Indirect Labor - Quality - Quality Engineer
MME group Inc. · Vadnais Heights, MN · 4 wk ago
Quality AssuranceFull-time
Primary Responsibilities
- Supports development and sustaining quality activities for assigned programs, including part validation, qualification, and ongoing compliance.
- Participates in the organization’s Stage-Gate approach to product realization.
- Sets up and executes validation activities, including IQ, OQ, and PQ protocols and reports, as directed.
- Carries out quality planning activities including Process Flow Diagrams, Process FMEAs, and Control Plans.
- Prepares work instructions and inspection instructions.
- Acts as the primary quality contact for assigned customers, supporting customer quality concerns, investigations, and corrective actions.
- Supports the creation and management of CAPAs, SCARs, RMAs, and sustaining programs.
- Serves on the internal audit team and leads customer audits for assigned programs and products, including audit preparation, participation, documentation, and coordination of responses and corrective actions, while supporting ISO 13485 and regulatory audits as assigned.
- Drives continuous improvement by analyzing quality data, identifying trends, and partnering with cross-functional teams to improve product and process performance.
- Drive continuous improvement in manufacturing by using Lean/Six Sigma tools and production data to reduce defects, scrap, rework, and customer complaints.
- Leads cross-functional problem-solving events (8D, DMAIC, A3), perform root cause analysis, and implement effective, sustainable CAPA for chronic quality and production issues.

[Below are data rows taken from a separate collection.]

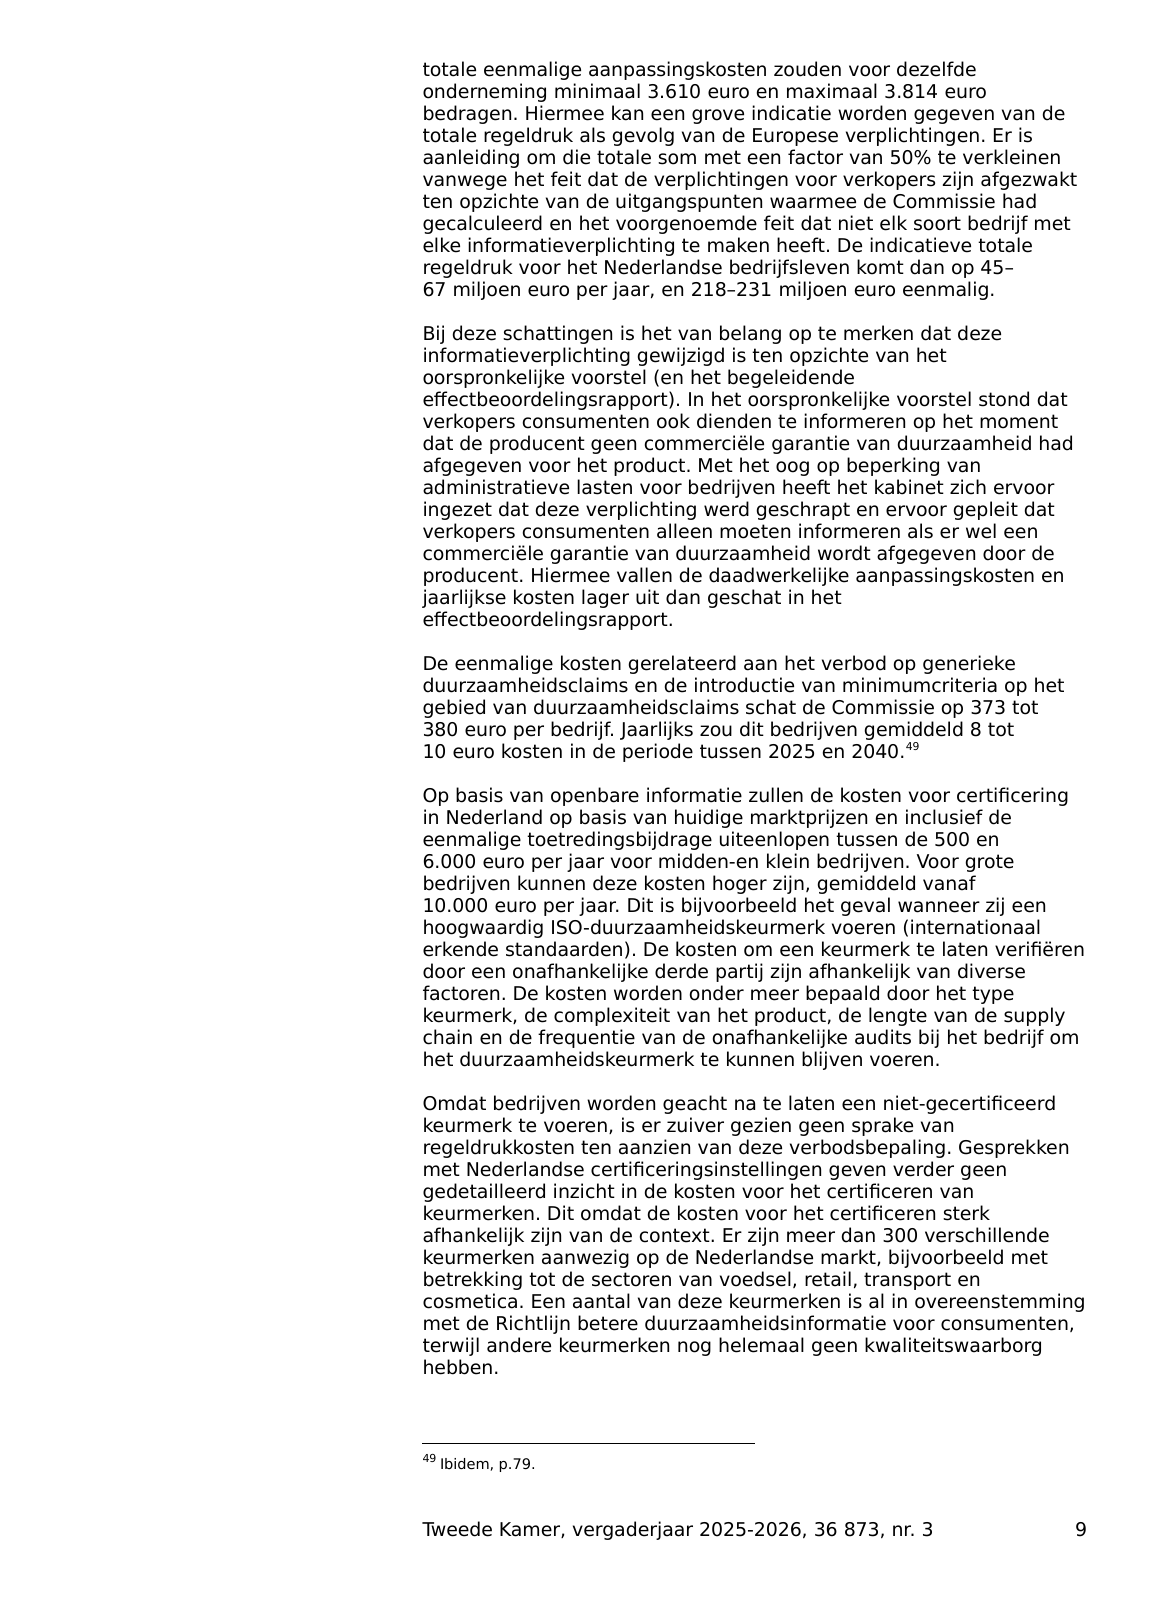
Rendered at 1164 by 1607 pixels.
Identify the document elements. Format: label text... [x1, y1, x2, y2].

text Omdat bedrijven worden geacht na te laten een niet-gecertificeerd keurmerk te voeren, is er zuiver gezien geen sprake van regeldrukkosten ten aanzien van deze verbodsbepaling. Gesprekken met Nederlandse certificeringsinstellingen geven verder geen gedetailleerd inzicht in de kosten voor het certificeren van keurmerken. Dit omdat de kosten voor het certificeren sterk afhankelijk zijn van de context. Er zijn meer dan 300 verschillende keurmerken aanwezig op de Nederlandse markt, bijvoorbeeld met betrekking tot de sectoren van voedsel, retail, transport en cosmetica. Een aantal van deze keurmerken is al in overeenstemming met de Richtlijn betere duurzaamheidsinformatie voor consumenten, terwijl andere keurmerken nog helemaal geen kwaliteitswaarborg hebben. [422, 1093, 1087, 1379]
text De eenmalige kosten gerelateerd aan het verbod op generieke duurzaamheidsclaims en de introductie van minimumcriteria op het gebied van duurzaamheidsclaims schat de Commissie op 373 tot 380 euro per bedrijf. Jaarlijks zou dit bedrijven gemiddeld 8 tot 10 euro kosten in de periode tussen 2025 en 2040. [422, 653, 1087, 763]
text Ibidem, p.79. [422, 1452, 1087, 1474]
text totale eenmalige aanpassingskosten zouden voor dezelfde onderneming minimaal 3.610 euro en maximaal 3.814 euro bedragen. Hiermee kan een grove indicatie worden gegeven van de totale regeldruk als gevolg van de Europese verplichtingen. Er is aanleiding om die totale som met een factor van 50% te verkleinen vanwege het feit dat de verplichtingen voor verkopers zijn afgezwakt ten opzichte van de uitgangspunten waarmee de Commissie had gecalculeerd en het voorgenoemde feit dat niet elk soort bedrijf met elke informatieverplichting te maken heeft. De indicatieve totale regeldruk voor het Nederlandse bedrijfsleven komt dan op 45–67 miljoen euro per jaar, en 218–231 miljoen euro eenmalig. [422, 59, 1087, 301]
text Op basis van openbare informatie zullen de kosten voor certificering in Nederland op basis van huidige marktprijzen en inclusief de eenmalige toetredingsbijdrage uiteenlopen tussen de 500 en 6.000 euro per jaar voor midden-en klein bedrijven. Voor grote bedrijven kunnen deze kosten hoger zijn, gemiddeld vanaf 10.000 euro per jaar. Dit is bijvoorbeeld het geval wanneer zij een hoogwaardig ISO-duurzaamheidskeurmerk voeren (internationaal erkende standaarden). De kosten om een keurmerk te laten verifiëren door een onafhankelijke derde partij zijn afhankelijk van diverse factoren. De kosten worden onder meer bepaald door het type keurmerk, de complexiteit van het product, de lengte van de supply chain en de frequentie van de onafhankelijke audits bij het bedrijf om het duurzaamheidskeurmerk te kunnen blijven voeren. [422, 785, 1087, 1071]
text Bij deze schattingen is het van belang op te merken dat deze informatieverplichting gewijzigd is ten opzichte van het oorspronkelijke voorstel (en het begeleidende effectbeoordelingsrapport). In het oorspronkelijke voorstel stond dat verkopers consumenten ook dienden te informeren op het moment dat de producent geen commerciële garantie van duurzaamheid had afgegeven voor het product. Met het oog op beperking van administratieve lasten voor bedrijven heeft het kabinet zich ervoor ingezet dat deze verplichting werd geschrapt en ervoor gepleit dat verkopers consumenten alleen moeten informeren als er wel een commerciële garantie van duurzaamheid wordt afgegeven door de producent. Hiermee vallen de daadwerkelijke aanpassingskosten en jaarlijkse kosten lager uit dan geschat in het effectbeoordelingsrapport. [422, 323, 1087, 631]

- Partner with Production, Engineering, and Processing to standardize improved methods, update control plans and work instructions, and ensure process adherence on the shop floor.
- Coach and train operators, technicians, and supervisors in basic quality tools, standard work, and problem-solving methods to strengthen a culture of continuous improvement.
- Drive NCR and MRB processes, driving investigation, disposition, risk assessment, corrective actions, and closure of nonconforming material issues.
Qualifications And Skill Requirements
- B.S Degree in Engineering or equivalent work experience required.
- 4+ years’ experience in a regulated manufacturing environment.
- Experience executing IQ, OQ, and PQ validation activities.
- Working knowledge of ISO 13485 and applicable FDA quality system requirements.
- Experience supporting customer audits and quality discussions.
- Strong root cause analysis and corrective action experience.
- Able to manage multiple projects concurrently.
- Strong understanding of print reading, cGMP/cGDP, GD&T, and cosmetic specifications.
- Experience with Epicor or similar ERP systems preferred.
- Experience with change control, revision control, and documentation.
- Valid identification and the ability to legally work in the United States.